Steven Rattner is the Obama administration's former lead auto adviser.
|E.J. Dionne: Why Isn't Mitt Romney Ahead?|
The most interesting question about this year's election is not why it seems relatively close, but why – with unemployment at over 8% -- Mitt Romney doesn't have a lead.
There are some obvious explanations. Romney had a difficult time in the Republican primaries, where all of his opponents questioned his conservative credentials. President Obama is helped by the fact that many voters still blame President Bush for our economic troubles. And even though the campaign feels to many of us as if it's gone on forever, a lot of voters still don't know all that much about Romney yet.
But that's only part of it. It appears that Obama has something that Ronald Reagan had: a very solid base of support. Geoff Garin, a Democratic pollster, believes the rock-solid Obama base is around 45%. That's not all that far from 50.
And Romney has spent very little time introducing himself to the electorate. A substantial share of Romney's advertising in the primaries consisted of attacks on his opponents. The Obama campaign and the pro-Obama super PAC, on the other hand, have been quite successful in introducing Romney in a negative way, particularly through assaults on Romney's experience at Bain Capital. Polling in the swing states suggests that these commercials are bringing down Romney's numbers. And then there are the swing states themselves: most of them are faring better economically than the nation as a whole. There are a number of schools of thought about this among political scientists. Some argue that the national economy trumps the local economy when it comes to influencing voter perception. But others stress that voters cast ballots on the basis of their own economic experience, and swing state voters may simply feel better about things.

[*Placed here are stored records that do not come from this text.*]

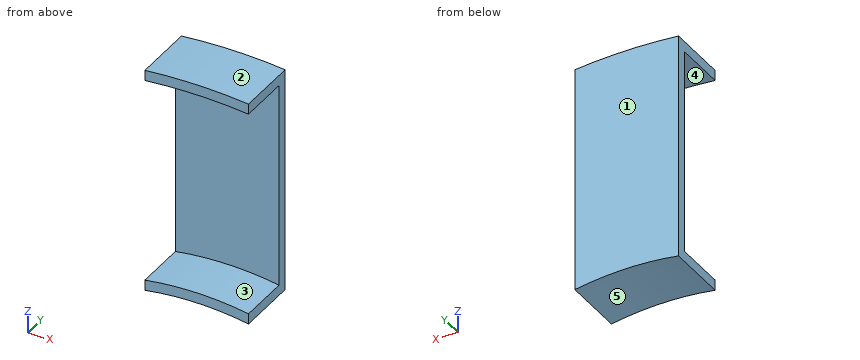
from build123d import *

# Parameters (mm, degrees)
BOSS_EXTRUDE1_DEPTH = 5
SHELL2_T            = 1


with BuildPart() as part:
    # Sketch1 → Boss-Extrude1 (new body)
    with BuildSketch(Plane(origin=(0, 0, 0), x_dir=(1, 0, 0), z_dir=(0, 1, 0))):
        with BuildLine():
            ThreePointArc((-5, -49.787563146), (0, -50.038), (5, -49.787563146))
            Line((5, -49.787563146), (5, -29.873965426))
            ThreePointArc((5, -29.873965426), (0, -30.2895), (-5, -29.873965426))
            Line((-5, -29.873965426), (-5, -49.787563146))
        make_face()
    extrude(amount=BOSS_EXTRUDE1_DEPTH)

    # Shell2
    shell2_openings = [part.faces().sort_by_distance(p)[0] for p in [
        (5, 2.5, 39.830764286),
        (-5, 2.5, 39.830764286),
        (0, 0, 40.052741683),
    ]]
    offset(amount=SHELL2_T, openings=shell2_openings, kind=Kind.INTERSECTION)


solid = part.part
Model file for the job. Use its own axes, mm. Face numbers are marked on the shaded views. A direction names the side the tool comes from. Give positions to 0.01 mm unless a question says otherwise; leave off trailing zeros. Loops run counter-clockwise (first coordinate to the right, second up) from the corner with the lowest first, then second, coordinate; pieces in that order, holes last.
1) Pull direction Z, two halves, no side cores. Call the marked faces 1, 2 and 3: +Z half, -Z half, draft (parallel to the pull), parting line (faces both ways), or undercut.
2) Flat gauge pins, fed straight in: pin 1 Ø4 at (x, z) = (0, 48) entering from -Y; pin 2 Ø1.5 at (x, y) = (-3.5, 4.5) entering from -Z. Where does each tip first touch, or does it go through?
3) Wall check: line 1 (Z direction, x = -0.25, y = 4.55); line 2 (Y direction, x = -4, z = 49.25); line 3 (Z direction, x = 3.75, y = 0.55). Give the ranges that are in metal, low to high.
4) Saw through at D-D (x = 0.5). Write the cut outline in (y, z), plus the area to 3 significant figures.
5) Saw through at C-C (z = 40.75). Write the cut outline in (x, y).
6) Saw through at B-B (x = 4). Write the cut outline in (y, z).
7) Tool access for the marked faces 4 and 5: list every direction of +Z, -Z, +X, -X, +Y, -Y with a clear straight run to the whole face (end or side of a thin tool).
8) Saw through at A-A (y = 3.9). Write the cut outline in (x, z).
Answer block:
1. face 1: draft
1. face 2: +Z half
1. face 3: undercut
2. pin 1: stops at y = 5
2. pin 2: stops at z = 28.98
3. line 1: z = 29.29 to 30.29, 50.04 to 51.04
3. line 2: y = 5 to 6
3. line 3: z = 29.05 to 30.06, 49.9 to 50.9
4. outline: (0, 29.29) - (6, 29.29) - (6, 51.04) - (0, 51.04) - (0, 50.04) - (5, 50.04) - (5, 30.29) - (0, 30.29) - close
4. area: 31.8 mm2
5. outline: (-5, 5) - (5, 5) - (5, 6) - (-5, 6) - close
6. outline: (0, 29.02) - (6, 29.02) - (6, 50.88) - (0, 50.88) - (0, 49.88) - (5, 49.88) - (5, 30.02) - (0, 30.02) - close
7. face 4: -Y
7. face 5: -Z, +Y, -Y
8. outline: (-5, 28.86) arc R29.29 cw to (5, 28.86) - (5, 29.87) arc R30.29 ccw to (-5, 29.87) - close; (-5, 49.79) arc R50.04 cw to (5, 49.79) - (5, 50.79) arc R51.04 ccw to (-5, 50.79) - close

Last but not least is the unpopularity of the Republicans in Congress. The GOP standing is not what it was on the eve of the 2010 elections. That's probably hurting Romney, too. One of the arguments I make in my new book, "Our Divided Political Heart," is that conservatives have embraced a radical brand of individualism and in the process shifted their movement to the right of where it used to be. Romney has chosen to follow the party down this path and in the process has opened up a wide middle ground for the president.
The Republican hope is that 2012 will be like 1980 -- the election will stay close until the end when voters decide that they have had enough of the incumbent. I don't think Republicans should be counting on this. Barack Obama is not Jimmy Carter, Mitt Romney is not Ronald Reagan, the composition of the electorate is more favorable to Democrats, and we do not face a foreign policy challenge akin to the Iranian hostage crisis. Yes, a sharp dip in the economy or unexpected foreign troubles could change the calculus in Romney's favor. But for now, I think conservative critics of Romney's strategy are right to be impatient. Under rather difficult circumstances, Obama is doing pretty well.
E.J. Dionne is the author of the new book "Our Divided Political Heart: The Battle for the American Idea in an Age of Discontent" and a Washington Post columnist.